Дурак недоверчив. Он убежден, что абсолютно все действия и помыслы человека продиктованы корыстью и злым умыслом, что они изначально порочны, что любовь, дружба, благородство, честность и порядочность придуманы философами, идеалистами, поэтами и писателями, то есть людьми, по его мнению, пустыми, лишними, ненужными, недалекими, по чистой случайности вознесшимися на вершину славы и понапрасну бременящими землю.
Дурак объяснит вам абсолютно все. Причем сделает это чрезвычайно логично.
Дурак холоден и равнодушен: если при дураке будут избивать ребенка или отбирать медяки у нищего, он отвернется и пройдет мимо.
Дурак не способен на высокое чувство. Он не может любить. Но изображает любовь достаточно достоверно, и, поскольку неплохо разбирается в человеческих слабостях, он умеет играть на чувствах другого человека, дураком не являющимся. Дурак (чаще дура) способен внушить к себе любовь.
Можно сказать, что дурак завоевывает мир. Если уже не завоевал.
Дурак все опустил до своего уровня. Он упростил человеческие чувства, доведя их до почти звериных инстинктов. Какие там Петрарка, Данте, Толстой и Достоевский!
Говорят, что самая страшная разновидность дурака — это дурак с инициативой. Уточним, каждый дурак воинственно инициативен. Он ко всем лезет с советами. Негодует, если его не слушают.
Иногда, в редчайших случаях, дурак способен на революционное перерождение: под воздействием неких неведомых сил он в один прекрасный день на горе себе вдруг осознает, что он дурак.
Это его настолько ошеломляет, что преображенный дурак теряет сон и покой.
Каждому из нас приходилось видеть несчастных, которые с отрешенным видом часами смотрят в окно или застывают как изваяния на парковых скамейках, устремив печальные глаза поверх голов праздных гуляк.
У них вид людей, которые сосредоточенно пытаются обрести новые для себя нравственные опоры и выстроить ценностный ряд, который на самом деле давно выстроен теми, кого они прежде и в расчет не брали.
Эти несчастные — бывшие дураки, находящиеся на перепутье. Они вышли из одной человеческой категории, но не пришли к другой, которой я еще не придумал названия.
Как ни странно, мои надежды связаны именно с этими людьми. Может быть, преображенный дурак поможет улучшить мир, который скептики еще со времен Раннего Средневековья традиционно называют выгребной ямой и который является колыбелью, как для дураков, так и для тех, кто им противостоит.
* * *
…Пока я принимал душ и одевался, Карл подогнал машину к отелю. Он намеревался после завтрака с поколесить по окрестностям, чтобы проветрить мозги после вчерашнего. Почти одновременно к отелю подкатило такси с зальцбургскими номерами. В нем находилось юное создание с длинными льняными волосами.
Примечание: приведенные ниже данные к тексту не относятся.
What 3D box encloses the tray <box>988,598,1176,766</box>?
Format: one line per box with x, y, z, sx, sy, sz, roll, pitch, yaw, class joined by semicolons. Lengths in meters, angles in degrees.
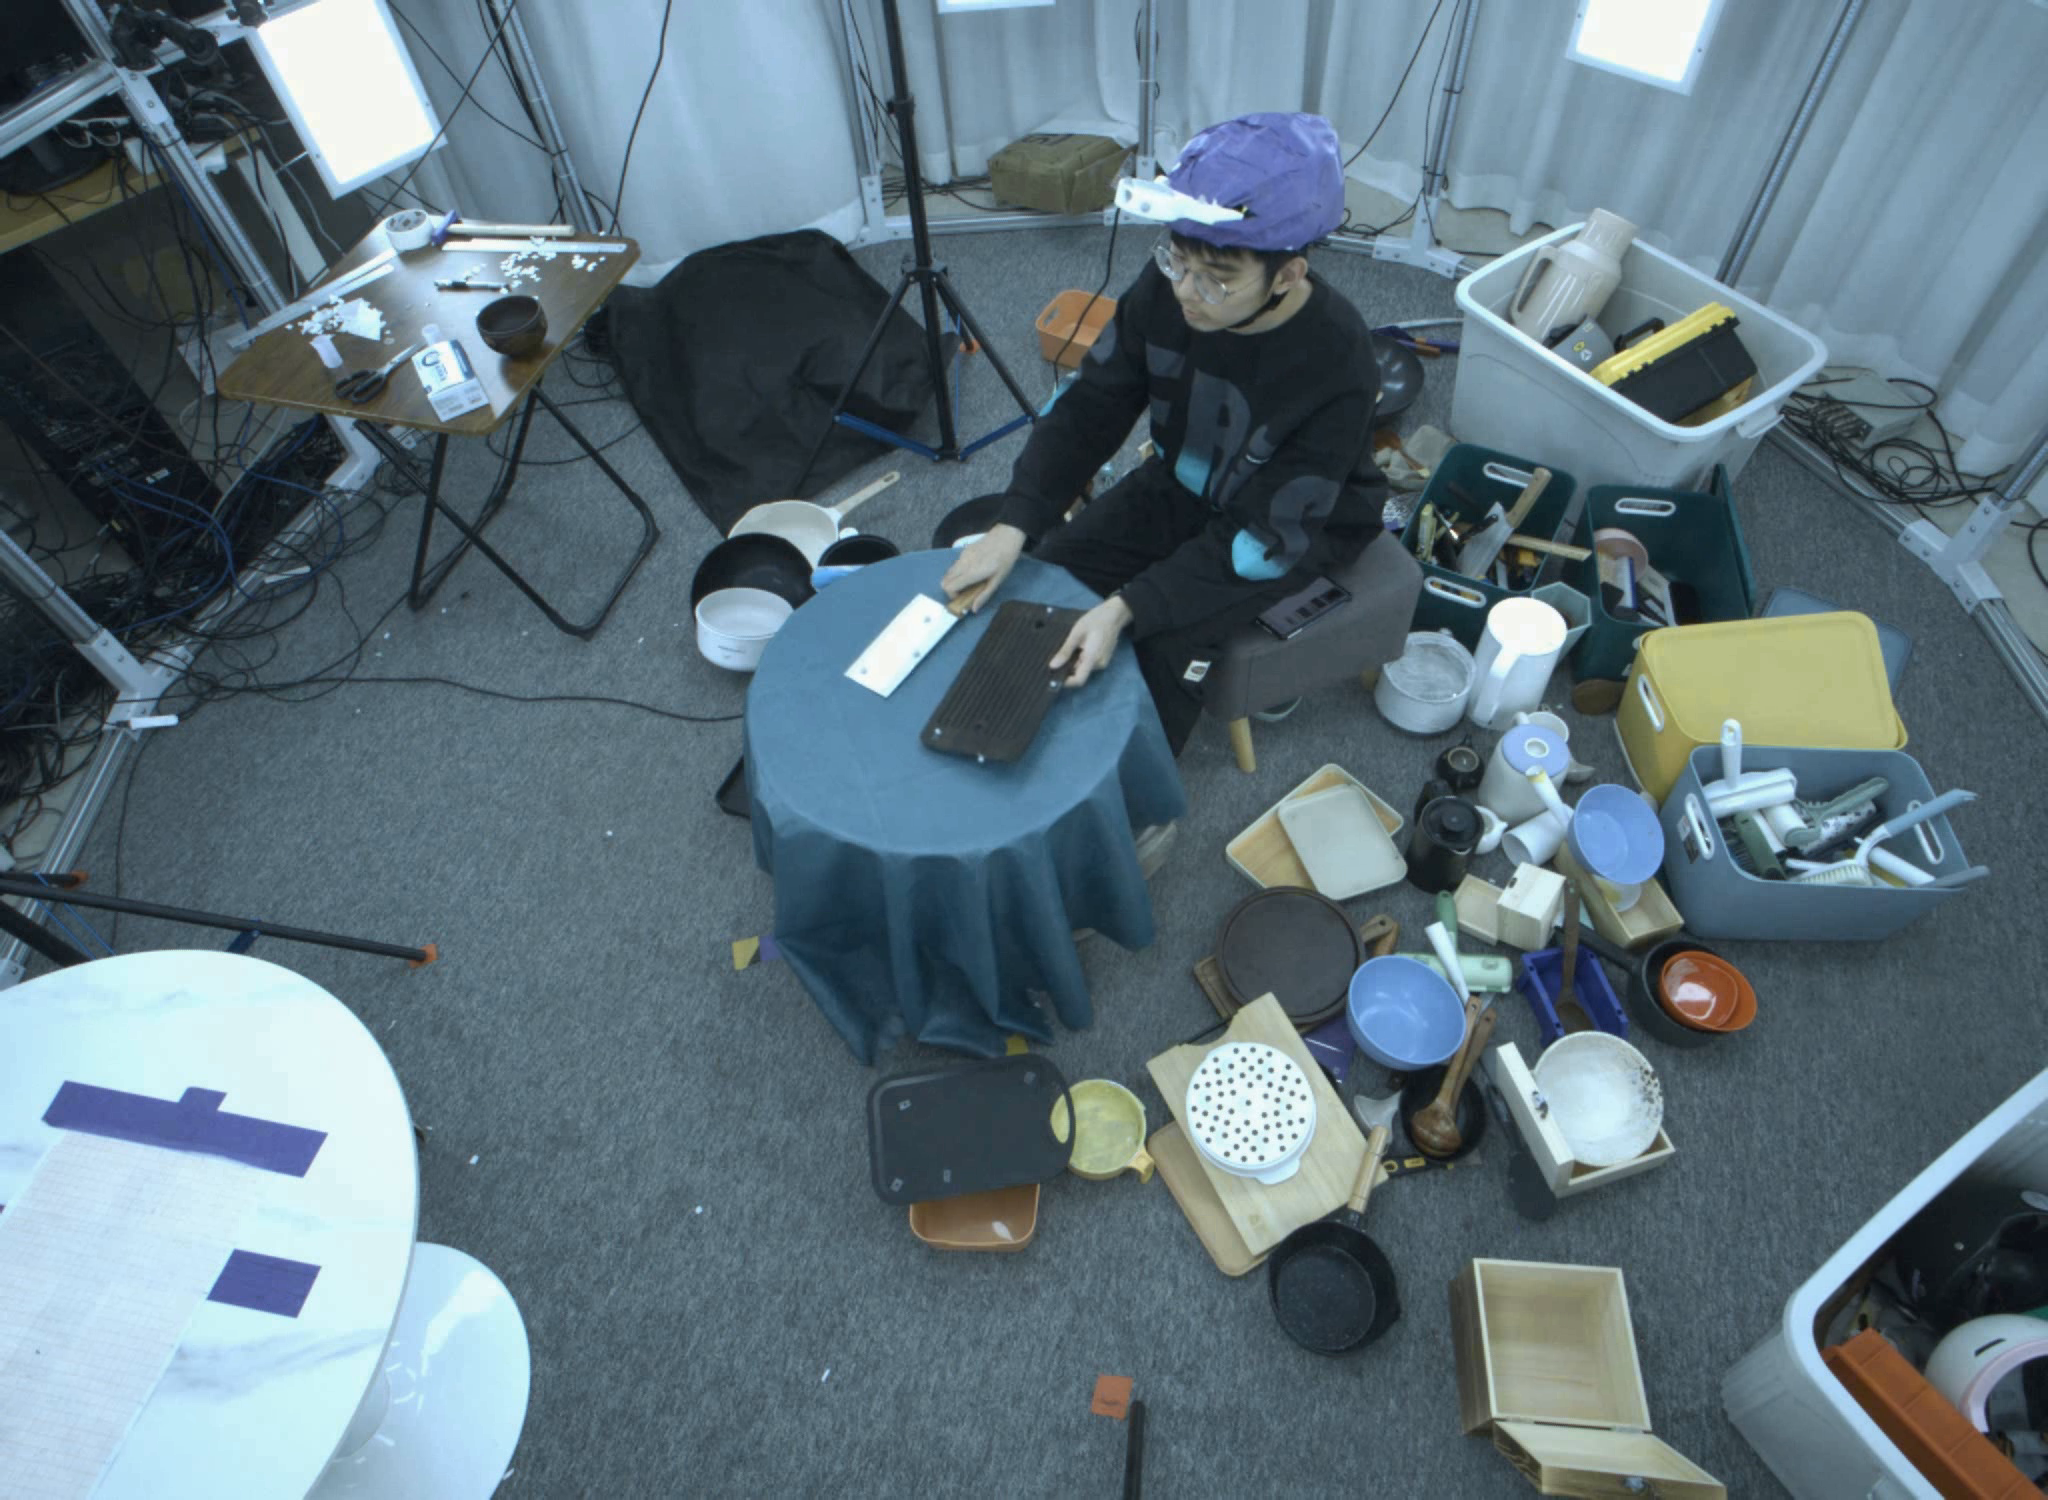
0.090;-0.105;1.828;0.167;0.019;0.307;17;57;28;tray

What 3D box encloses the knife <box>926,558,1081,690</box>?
-0.036;-0.210;1.923;0.091;0.021;0.307;33;65;26;knife

Несколько слов об этом создании. Это была девушка по вызову.
Юное создание носило имя создательницы незабвенного образа Эркюля Пуаро. Агата, — допускаю, что ее, как и Аделаиду, на самом деле звали иначе, — была направлена мне московским агентством "Глобус", к которому я однажды уже обращался.
Когда у тебя есть деньги и когда тебе лень тратить время и силы на осаду какой-нибудь обворожительной капризули, то хорошо испытать себя в деле с многоопытной профессионалкой, которая по твоему желанию будет играть какую угодно роль.
В прошлом году я едва не повторил ошибки одного из персонажей Ричарда Гира, влюбившегося в проститутку. Мне прислали девушку, с которой я провел во Флоренции три незабываемых дня.
Флоренция создана для того, чтобы губить нежные, доверчивые души. В этом отношении Флоренция опасней Венеции. Страшный город. В нем можно раствориться, как растворяется сахар в стакане с кипятком. Раствориться и стать его частью.
Этот город притягивает. Уже на второй день мне захотелось поселиться в нем навечно. И если бы не жара, которая царит здесь чуть ли не шесть месяцев в году, я бы, возможно, купил во Флоренции квартирку или домик.
Окна моего гостиничного номера смотрели на площадь Республики. По утрам я выходил на балкон и подолгу стаивал там.
Слева, над крышей гостиницы "Савой", парил в безумном мареве, похожий на крышку гигантской масленки купол собора Санта Мария дель Фьоре. Справа, метрах в трехстах, высилась башня Арнольфо, будто высеченная из единого куска камня. Я любовался всей этой прелестью, курил и ждал, когда проснется моя подруга.
Я не противился чувству. Вернее, его искусному суррогату. Суррогату счастья. Похожему на рекламу конфет.